What do the Syndics know? They started this damned war. Why? Did they know something that forced their hand?

Geary had forgotten the itchy sensation that developed after too long straight in jump space, as if your own skin wasn’t quite yours anymore and no longer fit right. But he barely noticed it now, sitting on the bridge of the Dauntless, waiting for the fleet to exit jump. Within a few minutes, he’d know if his gamble was going to at least partly pay off. Within a few days he was entirely too likely to learn what happened when a hypernet gate was destroyed.

The display for Sancere floated next to his chair. Alliance intelligence knew precious little about the system, and the old Syndic star system guide had offered only slightly more information since things like numbers and placement of defensive installations were all classified. Certainly Sancere was rich in resources as well as jump points. Eight significant planets orbited the star, two small ones in close orbits, two more within the habitable range, one of those almost perfect, then a colder but usable planet slightly farther out, and three resource-rich gas giants way beyond those. The Alliance fleet would drop back into normal space just outside the orbit of the last gas giant, about three and half light-hours from the star.
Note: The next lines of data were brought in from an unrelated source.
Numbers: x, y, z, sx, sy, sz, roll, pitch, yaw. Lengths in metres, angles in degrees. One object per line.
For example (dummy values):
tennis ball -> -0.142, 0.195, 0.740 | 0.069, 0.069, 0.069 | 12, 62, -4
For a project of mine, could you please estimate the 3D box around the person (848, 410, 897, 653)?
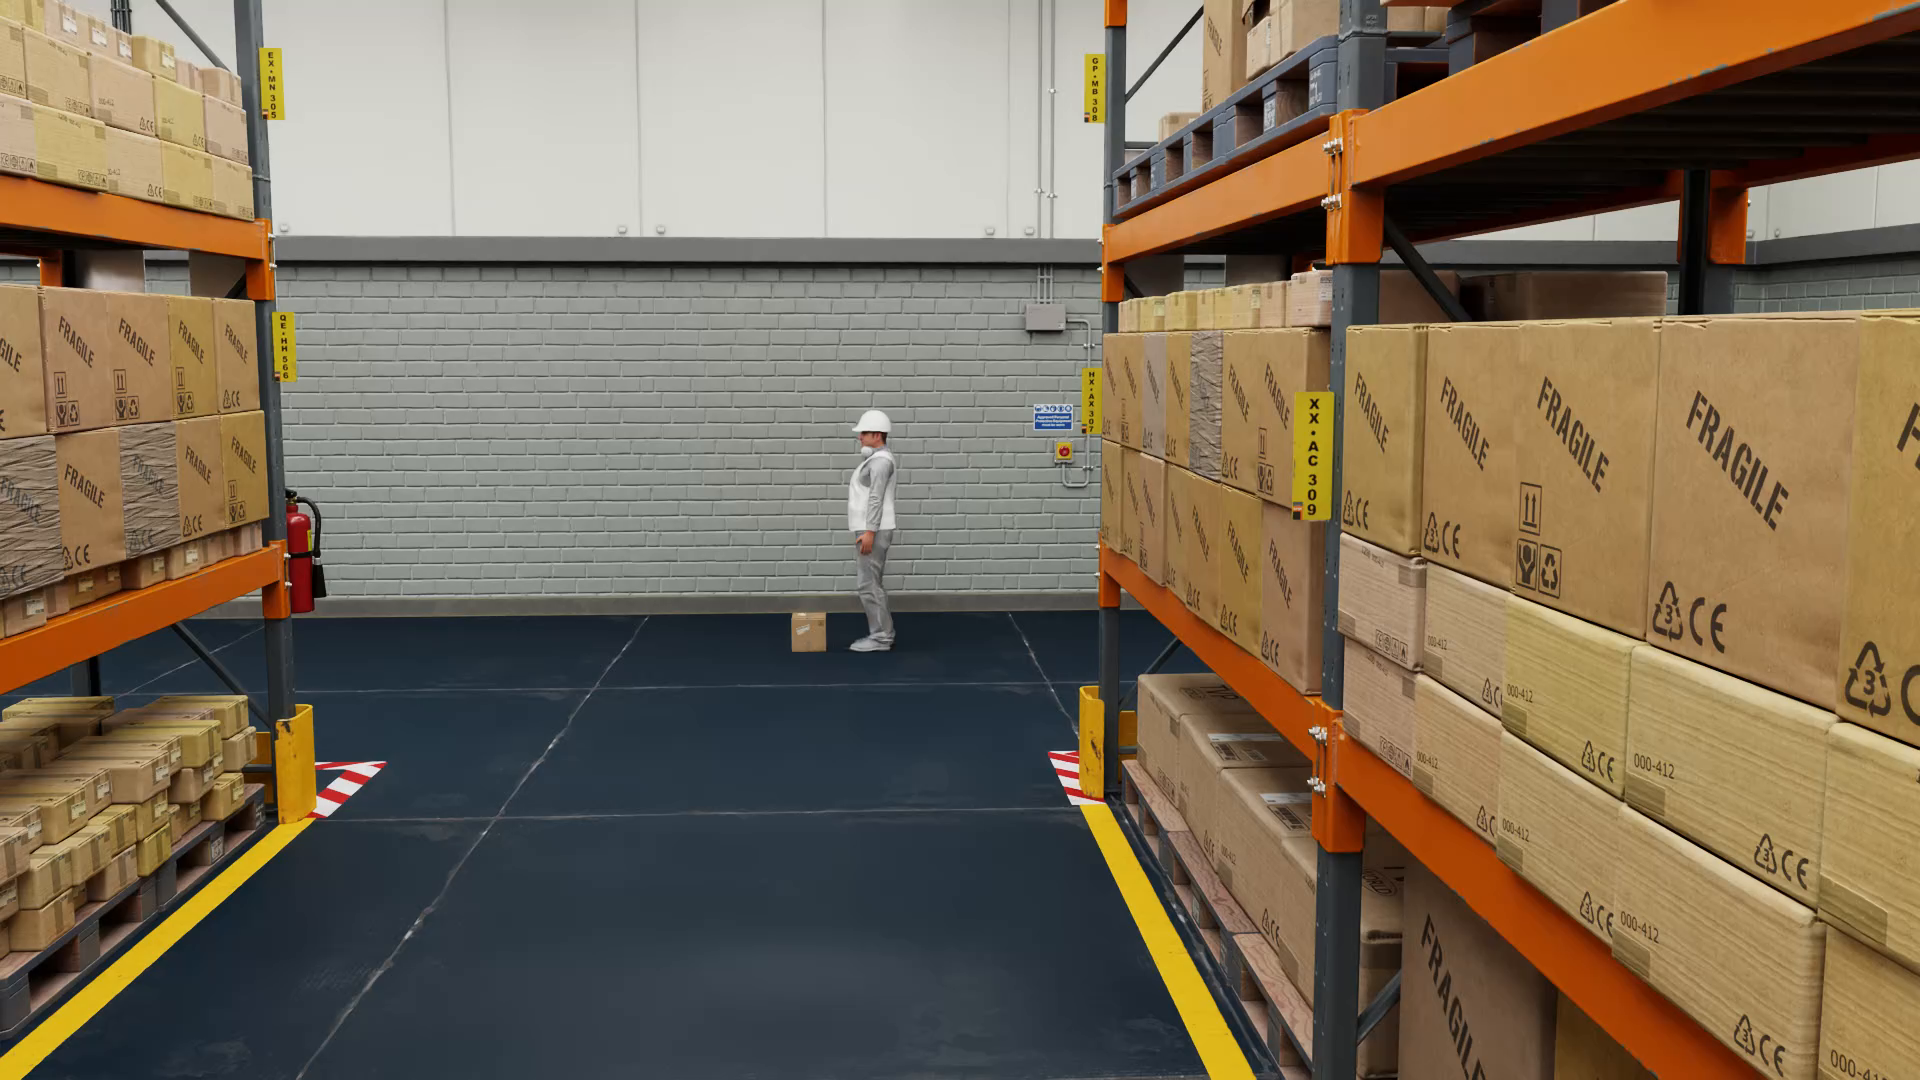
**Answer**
person -> -0.645, -0.063, 12.247 | 0.360, 1.779, 0.533 | 0, 7, -2

“One minute to jump exit,” Captain Desjani reported calmly.

Geary glanced around the bridge. All of the watch-standers seemed slightly nervous, but in an excited way, not a frightened one. Ignorance is bliss, he thought. No, that can’t be right. What I don’t know right now is driving me nuts. Ignorance is only blissful if you don’t know you’re ignorant.

Geary was still pondering that when the hatch to the bridge opened again and Co-President Rione entered, going to the observer’s seat she hadn’t used since her argument with Geary back in the Sutrah Star System. He looked at Rione, and she gazed back steadily, her face rigid, her eyes watching him but revealing nothing of her feelings. Geary flashed back to his days as a midshipman, when evaluators would ride behind him in ship simulators, ready to pounce on any error he made.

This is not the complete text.